Since the result is displayed in df, the second step is to merge it to df_counties.

In [None]:
df_counties = pd.merge(
    df_counties, df[['customer_id', 'county', 'customer_status', 'monthly_charge', 'avg_monthly_long_distance_charges']].groupby(
        by='county').apply(churn_rate).groupby(by='county').apply(mrrchurn_rate).groupby(by='county').apply(retention_rate).groupby(
            by='county').apply(activation_rate).groupby(by='county').apply(fdb).groupby(by='county').apply(idb).drop(
                columns=['customer_id', 'monthly_charge', 'avg_monthly_long_distance_charges', 'customer_status']).drop_duplicates(), 
                how='left', on='county'
                )

df_counties

It's useful, before plotting, to look at the distribution of KPIs.

In [None]:
fig, axes = plt.subplots(nrows=2, ncols=3, figsize=(18, 10))

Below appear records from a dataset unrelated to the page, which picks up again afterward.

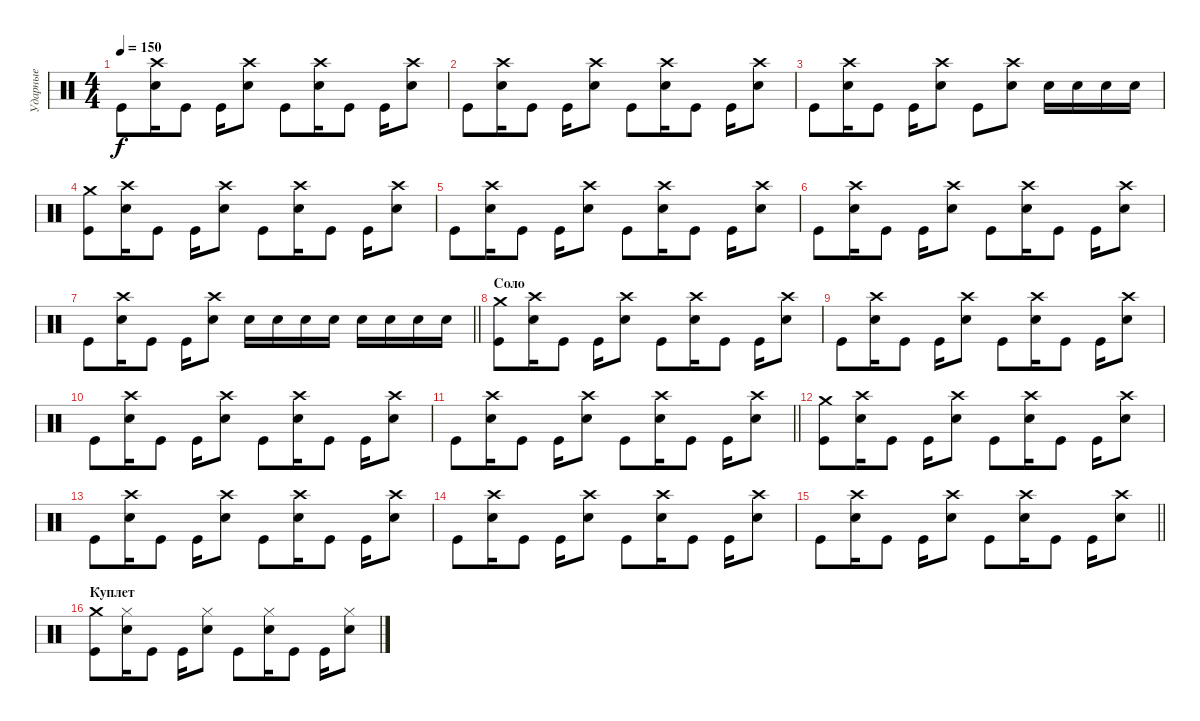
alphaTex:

\track ("Ударные" "Ударные") {instrument percussion}
\staff {score}
\articulation defaults
\ts (4 4)
\tempo 150
\clef neutral
\ks c "Kick (hit)".8{dy f}
("Crash high (hit)" "Electric Snare (hit)").16 "Kick (hit)".8 "Kick (hit)".16 ("Crash high (hit)" "Electric Snare (hit)").8 "Kick (hit)".8 ("Crash high (hit)" "Electric Snare (hit)").16 "Kick (hit)".8 "Kick (hit)".16 ("Crash high (hit)" "Electric Snare (hit)").8 |
"Kick (hit)".8 ("Crash high (hit)" "Electric Snare (hit)").16 "Kick (hit)".8 "Kick (hit)".16 ("Crash high (hit)" "Electric Snare (hit)").8 "Kick (hit)".8 ("Crash high (hit)" "Electric Snare (hit)").16 "Kick (hit)".8 "Kick (hit)".16 ("Crash high (hit)" "Electric Snare (hit)").8 |
"Kick (hit)".8 ("Crash high (hit)" "Electric Snare (hit)").16 "Kick (hit)".8 "Kick (hit)".16 ("Crash high (hit)" "Electric Snare (hit)").8 "Kick (hit)".8 ("Crash high (hit)" "Electric Snare (hit)").8 "Electric Snare (hit)".16 "Electric Snare (hit)".16 "Electric Snare (hit)".16 "Electric Snare (hit)".16 |
("Crash medium (hit)" "Kick (hit)").8 ("Crash high (hit)" "Electric Snare (hit)").16 "Kick (hit)".8 "Kick (hit)".16 ("Crash high (hit)" "Electric Snare (hit)").8 "Kick (hit)".8 ("Crash high (hit)" "Electric Snare (hit)").16 "Kick (hit)".8 "Kick (hit)".16 ("Crash high (hit)" "Electric Snare (hit)").8 |
"Kick (hit)".8 ("Crash high (hit)" "Electric Snare (hit)").16 "Kick (hit)".8 "Kick (hit)".16 ("Crash high (hit)" "Electric Snare (hit)").8 "Kick (hit)".8 ("Crash high (hit)" "Electric Snare (hit)").16 "Kick (hit)".8 "Kick (hit)".16 ("Crash high (hit)" "Electric Snare (hit)").8 |
"Kick (hit)".8 ("Crash high (hit)" "Electric Snare (hit)").16 "Kick (hit)".8 "Kick (hit)".16 ("Crash high (hit)" "Electric Snare (hit)").8 "Kick (hit)".8 ("Crash high (hit)" "Electric Snare (hit)").16 "Kick (hit)".8 "Kick (hit)".16 ("Crash high (hit)" "Electric Snare (hit)").8 |
\barLineRight lightlight "Kick (hit)".8
("Crash high (hit)" "Electric Snare (hit)").16 "Kick (hit)".8 "Kick (hit)".16 ("Crash high (hit)" "Electric Snare (hit)").8 "Electric Snare (hit)".16 "Electric Snare (hit)".16 "Electric Snare (hit)".16 "Electric Snare (hit)".16 "Electric Snare (hit)".16 "Electric Snare (hit)".16 "Electric Snare (hit)".16 "Electric Snare (hit)".16 |
\section ("" "Соло")
("Crash medium (hit)" "Kick (hit)").8 ("Crash high (hit)" "Electric Snare (hit)").16 "Kick (hit)".8 "Kick (hit)".16 ("Crash high (hit)" "Electric Snare (hit)").8 "Kick (hit)".8 ("Crash high (hit)" "Electric Snare (hit)").16 "Kick (hit)".8 "Kick (hit)".16 ("Crash high (hit)" "Electric Snare (hit)").8 |
"Kick (hit)".8 ("Crash high (hit)" "Electric Snare (hit)").16 "Kick (hit)".8 "Kick (hit)".16 ("Crash high (hit)" "Electric Snare (hit)").8 "Kick (hit)".8 ("Crash high (hit)" "Electric Snare (hit)").16 "Kick (hit)".8 "Kick (hit)".16 ("Crash high (hit)" "Electric Snare (hit)").8 |
"Kick (hit)".8 ("Crash high (hit)" "Electric Snare (hit)").16 "Kick (hit)".8 "Kick (hit)".16 ("Crash high (hit)" "Electric Snare (hit)").8 "Kick (hit)".8 ("Crash high (hit)" "Electric Snare (hit)").16 "Kick (hit)".8 "Kick (hit)".16 ("Crash high (hit)" "Electric Snare (hit)").8 |
\barLineRight lightlight "Kick (hit)".8
("Crash high (hit)" "Electric Snare (hit)").16 "Kick (hit)".8 "Kick (hit)".16 ("Crash high (hit)" "Electric Snare (hit)").8 "Kick (hit)".8 ("Crash high (hit)" "Electric Snare (hit)").16 "Kick (hit)".8 "Kick (hit)".16 ("Crash high (hit)" "Electric Snare (hit)").8 |
("Crash medium (hit)" "Kick (hit)").8 ("Crash high (hit)" "Electric Snare (hit)").16 "Kick (hit)".8 "Kick (hit)".16 ("Crash high (hit)" "Electric Snare (hit)").8 "Kick (hit)".8 ("Crash high (hit)" "Electric Snare (hit)").16 "Kick (hit)".8 "Kick (hit)".16 ("Crash high (hit)" "Electric Snare (hit)").8 |
"Kick (hit)".8 ("Crash high (hit)" "Electric Snare (hit)").16 "Kick (hit)".8 "Kick (hit)".16 ("Crash high (hit)" "Electric Snare (hit)").8 "Kick (hit)".8 ("Crash high (hit)" "Electric Snare (hit)").16 "Kick (hit)".8 "Kick (hit)".16 ("Crash high (hit)" "Electric Snare (hit)").8 |
"Kick (hit)".8 ("Crash high (hit)" "Electric Snare (hit)").16 "Kick (hit)".8 "Kick (hit)".16 ("Crash high (hit)" "Electric Snare (hit)").8 "Kick (hit)".8 ("Crash high (hit)" "Electric Snare (hit)").16 "Kick (hit)".8 "Kick (hit)".16 ("Crash high (hit)" "Electric Snare (hit)").8 |
\barLineRight lightlight "Kick (hit)".8
("Crash high (hit)" "Electric Snare (hit)").16 "Kick (hit)".8 "Kick (hit)".16 ("Crash high (hit)" "Electric Snare (hit)").8 "Kick (hit)".8 ("Crash high (hit)" "Electric Snare (hit)").16 "Kick (hit)".8 "Kick (hit)".16 ("Crash high (hit)" "Electric Snare (hit)").8 |
\section ("" "Куплет")
("Crash medium (hit)" "Kick (hit)").8 ("Hi-Hat (closed)" "Electric Snare (hit)").16 "Kick (hit)".8 "Kick (hit)".16 ("Hi-Hat (closed)" "Electric Snare (hit)").8 "Kick (hit)".8 ("Hi-Hat (closed)" "Electric Snare (hit)").16 "Kick (hit)".8 "Kick (hit)".16 ("Hi-Hat (closed)" "Electric Snare (hit)").8

sns.histplot(data=df_counties, x='churn_rate', ax=axes[0, 0])
sns.histplot(data=df_counties, x='retention_rate', ax=axes[0, 1])
sns.histplot(data=df_counties, x='activation_rate', ax=axes[0, 2])
sns.histplot(data=df_counties, x='mrrchurn_rate', ax=axes[1, 0])
sns.histplot(data=df_counties, x='fdb', ax=axes[1, 1])
sns.histplot(data=df_counties, x='idb', ax=axes[1, 2])

plt.suptitle("Distribution of KPIs in California")

plt.show()

Only 'fdb' has a strong right assymetry. In order to study the geographical distribution of this feature, it's convenient to transform it taking the log.

In [None]:
df_counties['fdb_log10'] = df_counties['fdb'].apply(lambda x: np.log10(x))

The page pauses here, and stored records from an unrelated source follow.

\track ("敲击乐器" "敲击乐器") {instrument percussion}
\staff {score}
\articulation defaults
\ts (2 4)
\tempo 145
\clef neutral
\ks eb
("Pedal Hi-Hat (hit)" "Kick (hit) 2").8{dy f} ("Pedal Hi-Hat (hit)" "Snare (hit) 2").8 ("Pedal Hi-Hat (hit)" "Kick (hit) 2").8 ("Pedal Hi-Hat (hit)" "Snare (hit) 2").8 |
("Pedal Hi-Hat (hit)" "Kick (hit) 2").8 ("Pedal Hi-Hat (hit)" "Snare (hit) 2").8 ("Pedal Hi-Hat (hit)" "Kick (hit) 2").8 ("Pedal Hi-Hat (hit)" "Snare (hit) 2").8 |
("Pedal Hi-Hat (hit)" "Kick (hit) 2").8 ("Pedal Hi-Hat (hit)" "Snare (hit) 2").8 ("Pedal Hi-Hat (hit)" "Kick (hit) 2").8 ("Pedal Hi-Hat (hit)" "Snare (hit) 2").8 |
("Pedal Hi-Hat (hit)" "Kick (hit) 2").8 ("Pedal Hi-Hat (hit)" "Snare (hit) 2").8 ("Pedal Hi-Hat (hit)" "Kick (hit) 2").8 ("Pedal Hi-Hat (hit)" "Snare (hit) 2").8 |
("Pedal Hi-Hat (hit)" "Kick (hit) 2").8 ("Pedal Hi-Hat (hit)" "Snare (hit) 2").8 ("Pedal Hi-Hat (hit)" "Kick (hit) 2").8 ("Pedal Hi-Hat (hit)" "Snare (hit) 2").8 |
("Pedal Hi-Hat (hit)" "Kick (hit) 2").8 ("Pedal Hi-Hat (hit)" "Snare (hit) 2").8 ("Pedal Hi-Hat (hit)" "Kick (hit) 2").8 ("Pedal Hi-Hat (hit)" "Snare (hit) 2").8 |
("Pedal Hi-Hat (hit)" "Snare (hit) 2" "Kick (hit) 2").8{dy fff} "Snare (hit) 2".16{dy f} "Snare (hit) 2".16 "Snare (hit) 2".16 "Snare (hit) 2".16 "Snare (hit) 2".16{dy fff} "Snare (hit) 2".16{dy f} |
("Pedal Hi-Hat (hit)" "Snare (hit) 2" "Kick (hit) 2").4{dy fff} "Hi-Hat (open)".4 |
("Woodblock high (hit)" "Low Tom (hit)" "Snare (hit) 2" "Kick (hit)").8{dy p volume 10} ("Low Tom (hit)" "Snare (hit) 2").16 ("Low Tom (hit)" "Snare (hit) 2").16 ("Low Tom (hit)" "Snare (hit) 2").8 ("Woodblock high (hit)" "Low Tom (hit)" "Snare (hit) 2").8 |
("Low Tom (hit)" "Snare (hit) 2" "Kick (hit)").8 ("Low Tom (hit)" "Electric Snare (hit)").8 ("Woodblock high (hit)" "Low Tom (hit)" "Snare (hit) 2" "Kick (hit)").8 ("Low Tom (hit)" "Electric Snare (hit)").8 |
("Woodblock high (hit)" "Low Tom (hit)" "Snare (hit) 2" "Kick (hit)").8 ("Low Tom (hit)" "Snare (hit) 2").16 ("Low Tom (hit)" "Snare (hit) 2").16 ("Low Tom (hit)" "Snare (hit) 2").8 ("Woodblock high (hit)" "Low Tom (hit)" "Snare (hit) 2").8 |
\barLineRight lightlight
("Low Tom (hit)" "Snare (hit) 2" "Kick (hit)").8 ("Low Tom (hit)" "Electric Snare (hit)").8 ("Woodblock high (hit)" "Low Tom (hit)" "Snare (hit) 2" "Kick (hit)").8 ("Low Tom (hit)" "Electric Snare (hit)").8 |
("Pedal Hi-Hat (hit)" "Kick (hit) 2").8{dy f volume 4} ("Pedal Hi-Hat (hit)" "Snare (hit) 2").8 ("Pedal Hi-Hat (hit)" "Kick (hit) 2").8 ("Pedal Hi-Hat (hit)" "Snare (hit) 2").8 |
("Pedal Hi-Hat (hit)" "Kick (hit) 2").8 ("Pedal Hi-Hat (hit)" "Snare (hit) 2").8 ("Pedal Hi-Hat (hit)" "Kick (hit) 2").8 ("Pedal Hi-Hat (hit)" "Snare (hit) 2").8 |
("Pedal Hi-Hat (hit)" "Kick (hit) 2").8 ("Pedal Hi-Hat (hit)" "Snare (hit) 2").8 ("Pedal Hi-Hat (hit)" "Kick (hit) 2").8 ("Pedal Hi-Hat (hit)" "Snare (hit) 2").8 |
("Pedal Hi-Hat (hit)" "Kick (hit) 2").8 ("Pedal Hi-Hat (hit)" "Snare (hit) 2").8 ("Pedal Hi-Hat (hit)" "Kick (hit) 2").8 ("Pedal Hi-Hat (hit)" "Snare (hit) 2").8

sns.histplot(data=df_counties, x='fdb_log10')

plt.suptitle("df_counties: distribution of log10('fdb') in California")

plt.show()

It would be expectable that 'churn_rate' and 'mrrchurn_rate' were related.

In [None]:
line = np.linspace(0, pd.concat((df_counties['churn_rate'], df_counties['mrrchurn_rate'])).max(), 100)

sns.scatterplot(data=df_counties, x='churn_rate', y='mrrchurn_rate')
sns.lineplot(x=line, y=line, color='red')

plt.suptitle("df_counties: relation between 'churn_rate' and 'mrrchurn_rate' (and 45° line)")

plt.show()

The relation is very close to be linear, and it's also close to the 45° line, so it's enough to plot only one of them. It can be observed that, in average, 'mrrchurn_rate' tends to be a little higher than 'churn_rate'. This can be understood as customers with higher monthly charges churning a little bit more than those with lower monthly charges.

Since 'churn_rate', 'retention_rate' and 'activation_rate' have perfect multicollinearity, only the first will be plotted. Anyway, all of them will be informed in the hover data.

In [None]:
fig = px.choropleth(
    df_counties, 
    geojson=counties, 
    locations='FIPS', 
    color='churn_rate',
    color_continuous_scale="Viridis",
    hover_name='county',
    hover_data=['population_county', 'idb', 'fdb', 'mrrchurn_rate', 'activation_rate', 'retention_rate'],
    scope="usa",
    center={'lat': lat_mean, 'lon': lon_mean}, 
    title="Geographical distribution of 'churn_rate' in counties", 
    template='ggplot2'
    )

fig.show()

Some of the counties with high population have also a very high Churn rate. Especially, San Diego has near 3M habitants and the Churn rate over 40 %. Taking back the analysis of churn reasons, 9 of each 20 customers that churned did it because of 'Competitors'. Probably, competence is stronger in high population areas.

In the other hand, the Future Dimension of the Business can be analyzed taking the log.

In [None]:
fig = px.choropleth(df_counties, 
    geojson=counties, 
    locations='FIPS', 
    color='fdb_log10',
    color_continuous_scale="Viridis",
    hover_name='county',
    hover_data=['population_county', 'churn_rate', 'retention_rate', 'activation_rate', 'idb', 'fdb'],
    scope="usa",
    center={'lat': lat_mean, 'lon': lon_mean}, 
    title="Geographical distribution of 'fdb' in counties", 
    template='ggplot2'
)

fig.show()

Since this KPI takes in account not only ratios but also the number of customers, it's expectable to have some correlation with the population. This is why Los Angeles has the higher FDB, despite the ratios are not so good. It's the state where it's probably that the new customers will significate more future incomes. In the other hand, San Diego does it worst than other counties with less population.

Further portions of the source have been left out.